Howeverrrrrr, counseling this morning managed to bring my views back into a positive perspective! After spilling all my feelings to Leah she told me that because, contrary to my own belief, I did in fact deal with my problems more head on than I thought. Instead of breaking count I went and wrote everything I possibly could about how completely worthless I felt; it IS progress. I told her about my fears that I'm still clinging so heavily onto ED and my old habits, the restricting, the calculating, the distractions, the lies, the feelings, the power, etc. Leah reassured me several times (despite the fact that I think I may have been talking myself in circles) that even these small things of noticing the habits is accomplishing something. She's so insightful and I can't even begin to say how grateful I am to have her, constantly giving me new techniques to try for when I next encounter a "threatening" situation. Leah ended today with a quote that really stuck with me and I have a feeling it's going to stick with me for a LONG time.




"Be the change you wish to see in the world"


-Gandhi




It's not about wishing for change to happen, you have to go out and DO it. I can be told all these pieces of advice (Kat and I had a HUGE conversation about this just before) and I can have people yell at me about how I need to be healthy and how but that's all they can do. It's up to ME to build up the courage to want to get better. It's that simple; things will begin to fall into place.

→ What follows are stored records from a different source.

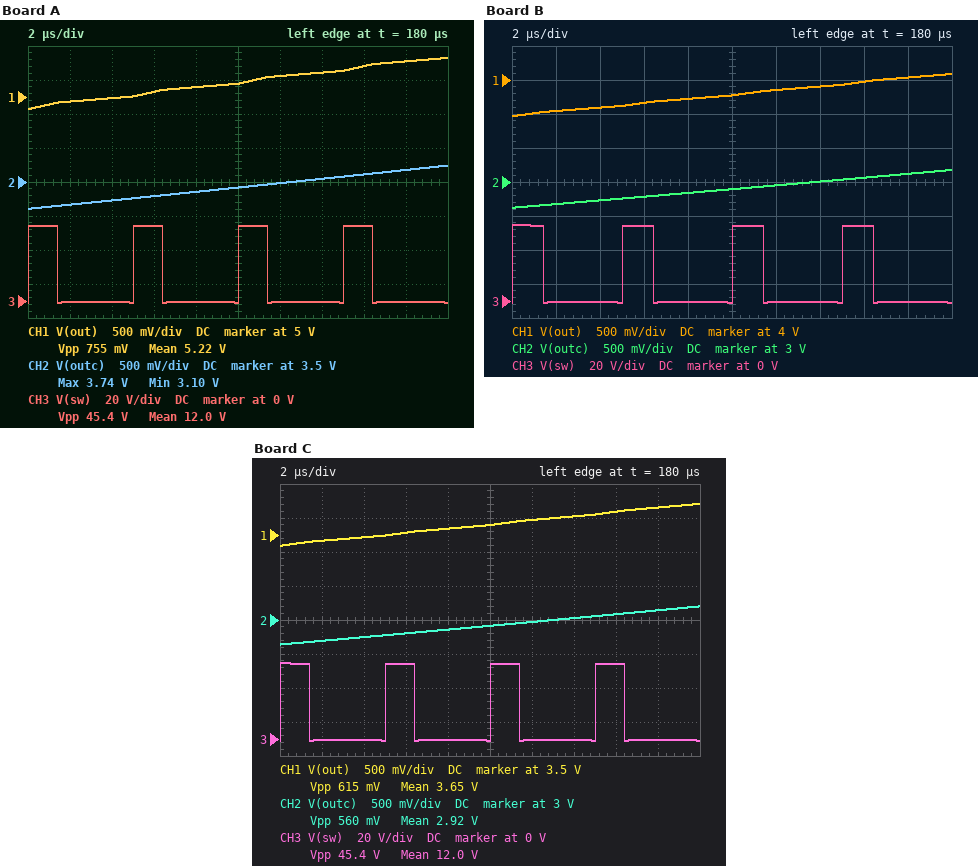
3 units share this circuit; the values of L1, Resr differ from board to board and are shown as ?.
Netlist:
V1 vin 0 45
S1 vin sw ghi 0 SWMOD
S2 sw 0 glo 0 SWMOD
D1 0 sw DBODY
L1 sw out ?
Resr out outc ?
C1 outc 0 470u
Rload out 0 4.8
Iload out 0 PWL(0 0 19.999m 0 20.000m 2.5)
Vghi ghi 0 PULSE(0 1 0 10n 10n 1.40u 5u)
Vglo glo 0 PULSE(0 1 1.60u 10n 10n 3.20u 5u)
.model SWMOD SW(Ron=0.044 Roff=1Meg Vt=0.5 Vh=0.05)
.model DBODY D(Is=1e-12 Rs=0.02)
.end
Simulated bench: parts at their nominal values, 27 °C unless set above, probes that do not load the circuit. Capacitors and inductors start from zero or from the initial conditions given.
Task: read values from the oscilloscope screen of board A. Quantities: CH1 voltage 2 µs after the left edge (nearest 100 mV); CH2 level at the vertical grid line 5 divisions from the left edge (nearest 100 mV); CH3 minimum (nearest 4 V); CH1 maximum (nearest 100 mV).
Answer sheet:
4.9 V
3.4 V
0 V
5.6 V
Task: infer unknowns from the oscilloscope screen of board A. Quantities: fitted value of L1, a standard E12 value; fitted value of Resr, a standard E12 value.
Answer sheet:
120 µH
0.12 Ω
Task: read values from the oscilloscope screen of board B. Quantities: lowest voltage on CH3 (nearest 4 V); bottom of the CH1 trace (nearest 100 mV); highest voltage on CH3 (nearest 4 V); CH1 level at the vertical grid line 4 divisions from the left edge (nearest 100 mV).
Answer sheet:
0 V
3.5 V
44 V
3.7 V
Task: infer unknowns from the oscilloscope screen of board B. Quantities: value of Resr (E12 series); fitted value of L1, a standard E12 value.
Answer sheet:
0.068 Ω
150 µH
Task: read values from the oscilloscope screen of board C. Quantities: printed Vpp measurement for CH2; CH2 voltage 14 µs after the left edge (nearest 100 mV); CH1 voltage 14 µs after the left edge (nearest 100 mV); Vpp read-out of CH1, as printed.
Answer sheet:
560 mV
3.0 V
3.8 V
615 mV
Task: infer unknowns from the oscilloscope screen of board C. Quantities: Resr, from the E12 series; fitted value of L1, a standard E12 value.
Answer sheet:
0.056 Ω
150 µH

To be totally random, Glenny's Soy Crisps are flippin' awesommmmeeeeee! I just had a bag and I think whenever the word "protein" appears somewhere part of my freaks out a bit. Upon discovering last semester that I was borderline to becoming anemic I became a protein advocate! Now it's like, PROTEINNNN is the best thing ever. Damn straight, healthy = happy. Yes yes, just keep repeating that over and over and over again!


Pretty is it not? This gigantic (and slightly deadly) sized icicle is just kind of chillin' outside of my window looking quite pretty and reflecting the sunlight. Naturally it was picture worthy! The beauty of life manages to make itself known to me =) Heehee thanks nature!